Бритоголовый перестал катать во рту мятный леденец, но отнюдь не перестал улыбаться.
- Не понял; о чем это вы? – спросил он.
- Ну, как это о чем?! Вместо того чтобы сказать «извините, я больше не буду», вы говорите «извиняюся», то есть извиняю себя; да и вообще, - это не по-русски. Теперь понятно?
- Ну, так. Спасибо, что поправили. Errara humanum est… (сноска: людям свойственно ошибаться (лат.))
- Ignorantia non est argumentum (cноска: невежество не аргумент (лат.)), - триумфально парировала я, и было хотела сказать тоже самое по-русски, но было поздно: следующей фразой незнакомец дал понять, что в моем переводе не нуждается, отлично все понимает, чем меня удивил и разозлил еще больше.
- Я, конечно, невежда, но non omnis error stultitia est (сноска: не всякая ошибка глупость (лат.)), - сказал он, и добавил: - Перевести?
- Не надо, - зло сказала я улыбающемуся выскочке; мучительно перелистала в запасниках памяти апофегмальную латынь и, не найдя ни одну подходящую цитату, с досадой в голосе раздраженно сказала: - Вам что угодно?.. – помедлила и прибавила: - черт возьми.
- Стало быть, коллеги? – проигнорировав мой вопрос, поинтересовался незнакомец.
- Что все это значит, какие «коллеги»? – повысила я голос, не в силах сдержать гнев.
Кристина с искренним удовольствием следила за происходящим. Незнакомец улыбнулся еще доброжелательней. Я едва не плакала.
- Успокойтесь, - сказал он. – Я не знаю, на какую газету вы пишите, но убежден, что вы готовите сенсационную статью. Вы – журналист. (Впрочем, как и я.) Я прав? Писака писаку увидит всяко. Кого пасете?

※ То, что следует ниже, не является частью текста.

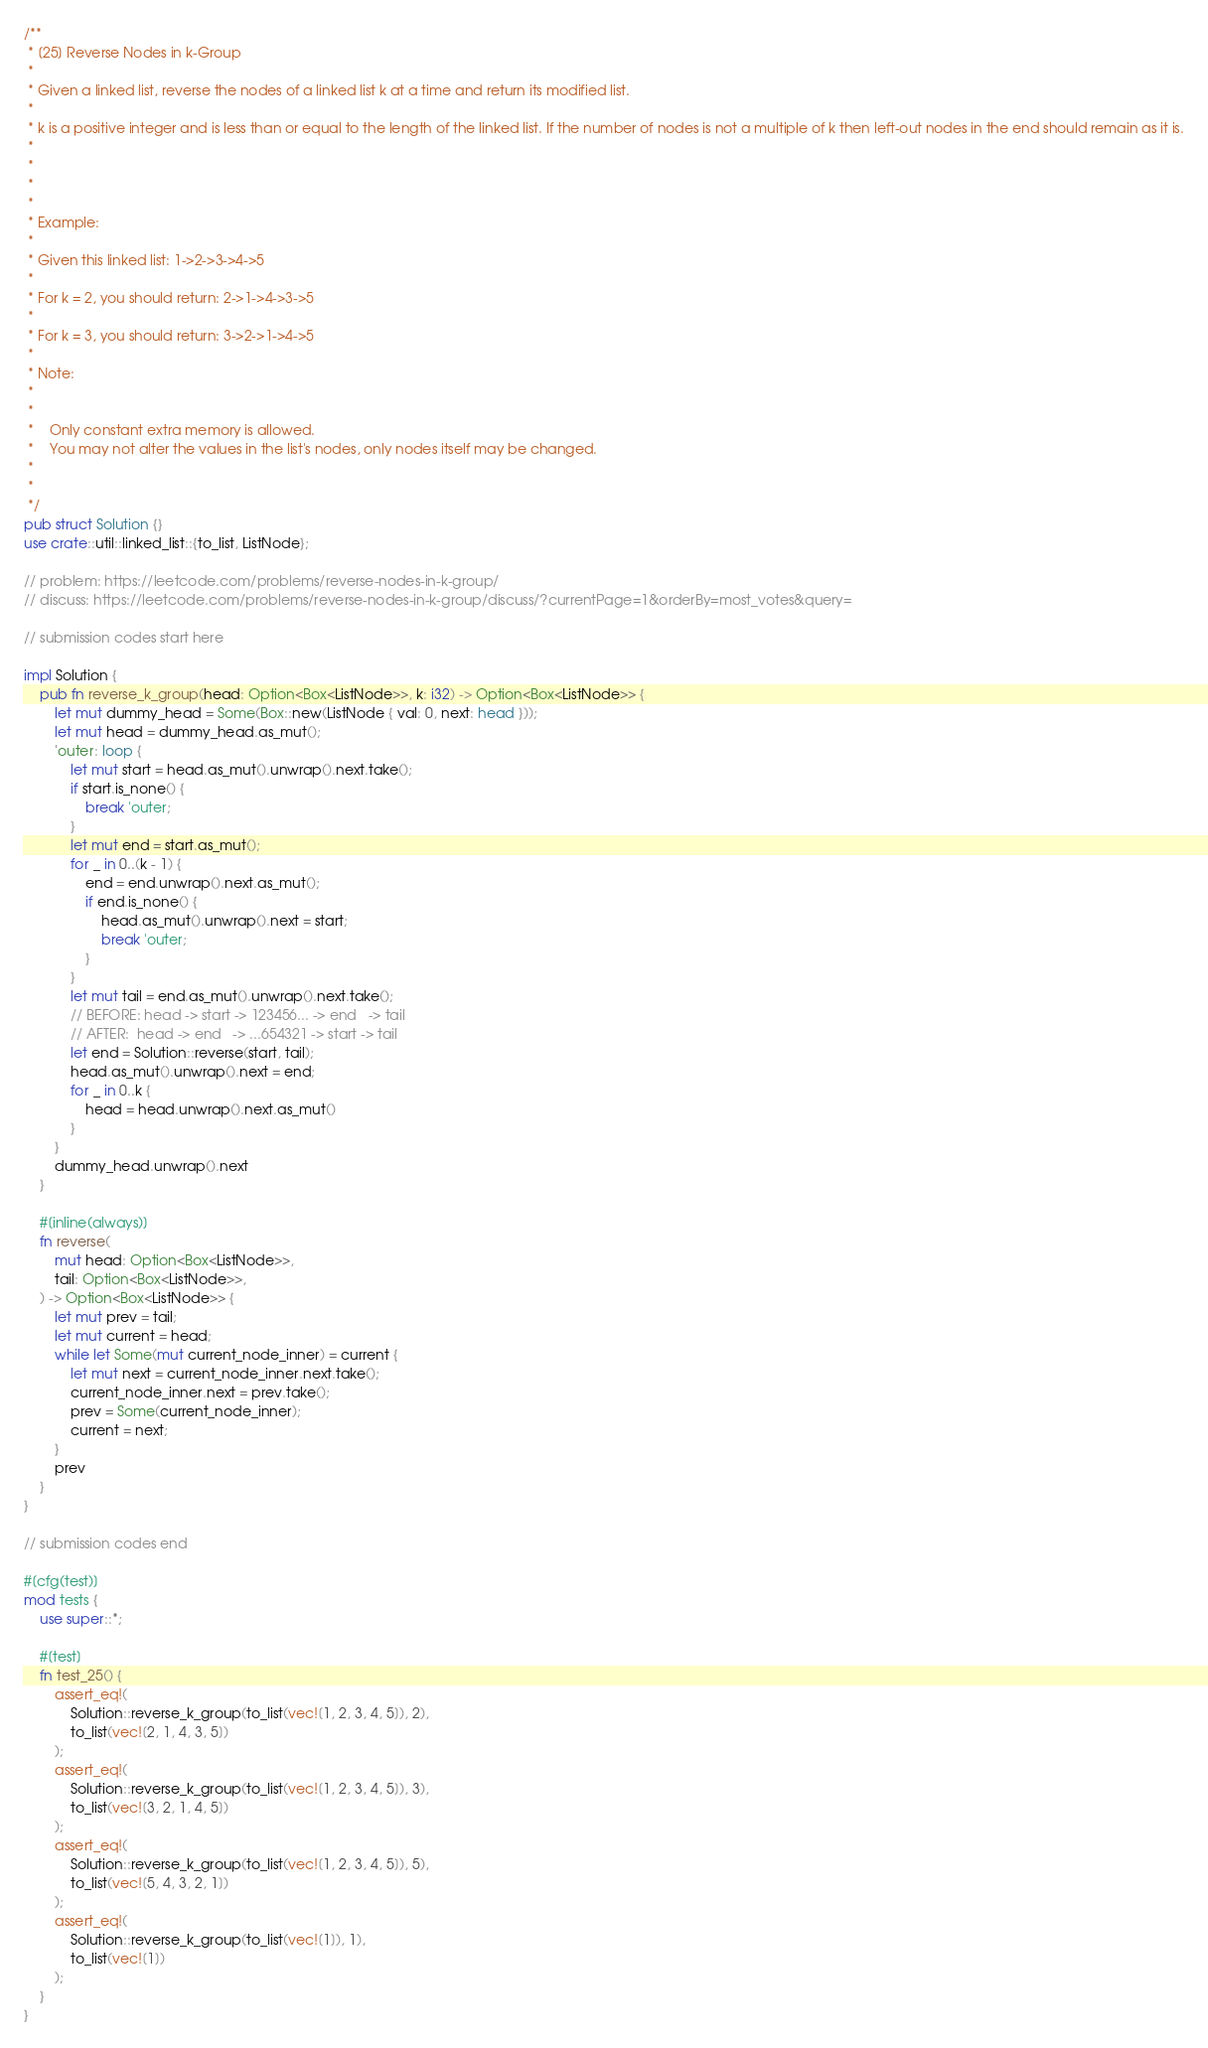Convert code to text. <code><loc_0><loc_0><loc_500><loc_500><_Rust_>/**
 * [25] Reverse Nodes in k-Group
 *
 * Given a linked list, reverse the nodes of a linked list k at a time and return its modified list.
 *
 * k is a positive integer and is less than or equal to the length of the linked list. If the number of nodes is not a multiple of k then left-out nodes in the end should remain as it is.
 *
 *
 *
 *
 * Example:
 *
 * Given this linked list: 1->2->3->4->5
 *
 * For k = 2, you should return: 2->1->4->3->5
 *
 * For k = 3, you should return: 3->2->1->4->5
 *
 * Note:
 *
 *
 * 	Only constant extra memory is allowed.
 * 	You may not alter the values in the list's nodes, only nodes itself may be changed.
 *
 *
 */
pub struct Solution {}
use crate::util::linked_list::{to_list, ListNode};

// problem: https://leetcode.com/problems/reverse-nodes-in-k-group/
// discuss: https://leetcode.com/problems/reverse-nodes-in-k-group/discuss/?currentPage=1&orderBy=most_votes&query=

// submission codes start here

impl Solution {
    pub fn reverse_k_group(head: Option<Box<ListNode>>, k: i32) -> Option<Box<ListNode>> {
        let mut dummy_head = Some(Box::new(ListNode { val: 0, next: head }));
        let mut head = dummy_head.as_mut();
        'outer: loop {
            let mut start = head.as_mut().unwrap().next.take();
            if start.is_none() {
                break 'outer;
            }
            let mut end = start.as_mut();
            for _ in 0..(k - 1) {
                end = end.unwrap().next.as_mut();
                if end.is_none() {
                    head.as_mut().unwrap().next = start;
                    break 'outer;
                }
            }
            let mut tail = end.as_mut().unwrap().next.take();
            // BEFORE: head -> start -> 123456... -> end   -> tail
            // AFTER:  head -> end   -> ...654321 -> start -> tail
            let end = Solution::reverse(start, tail);
            head.as_mut().unwrap().next = end;
            for _ in 0..k {
                head = head.unwrap().next.as_mut()
            }
        }
        dummy_head.unwrap().next
    }

    #[inline(always)]
    fn reverse(
        mut head: Option<Box<ListNode>>,
        tail: Option<Box<ListNode>>,
    ) -> Option<Box<ListNode>> {
        let mut prev = tail;
        let mut current = head;
        while let Some(mut current_node_inner) = current {
            let mut next = current_node_inner.next.take();
            current_node_inner.next = prev.take();
            prev = Some(current_node_inner);
            current = next;
        }
        prev
    }
}

// submission codes end

#[cfg(test)]
mod tests {
    use super::*;

    #[test]
    fn test_25() {
        assert_eq!(
            Solution::reverse_k_group(to_list(vec![1, 2, 3, 4, 5]), 2),
            to_list(vec![2, 1, 4, 3, 5])
        );
        assert_eq!(
            Solution::reverse_k_group(to_list(vec![1, 2, 3, 4, 5]), 3),
            to_list(vec![3, 2, 1, 4, 5])
        );
        assert_eq!(
            Solution::reverse_k_group(to_list(vec![1, 2, 3, 4, 5]), 5),
            to_list(vec![5, 4, 3, 2, 1])
        );
        assert_eq!(
            Solution::reverse_k_group(to_list(vec![1]), 1),
            to_list(vec![1])
        );
    }
}
</code>

- Monsieur, e’est monaffaire (сноска: сударь, это мое дело (франц.)), - почему-то сказала я по-французски.
- Ваше-ваше, я не в претензии. Так – праздное любопытство.
- Скорее чрезмерное, чем праздное, - вставила я, наконец-то поняв, что необходимо подыграть (и боже упаси переиграть: человек он, безусловно, умный и проницательный, следовательно – опасный).
- Ваша правда, - согласился журналист. – Чрезмерное любопытство, - можно сказать, профессиональная болезнь большей части нашего с вами брата. Мой следующий вопрос – лучшее тому доказательство. Так где же Сирень? Вы мне так и не ответили.
Вот приклеился-то со своим Сиренью… как банный лист. Где, где? откуда я знаю, где? Но вслух выразилась иначе:
- Он не герой моей статьи; не знаю. Впрочем, может быть, у себя в кафе… как обычно… где же ему еще быть.
Молодой человек все так же улыбался нам (теперь только – своими умными глазами), молчал и пристально изучал и меня и Кристину.
- Что? – не выдержала я его лукавого взора. – Что не так?
- Так он что, из Африки еще не прилетел? – спросил журналист после того, как раскромсал зубами леденец.
- Сирень? Из Африки? Что за галиматья? Вы издеваетесь, да?
Журналист отрицательно мотнул головой.
- Нет?.. Ах, ну, конечно же, это какая-нибудь идиома, которую я не слышала и не знаю ее истинного смысла.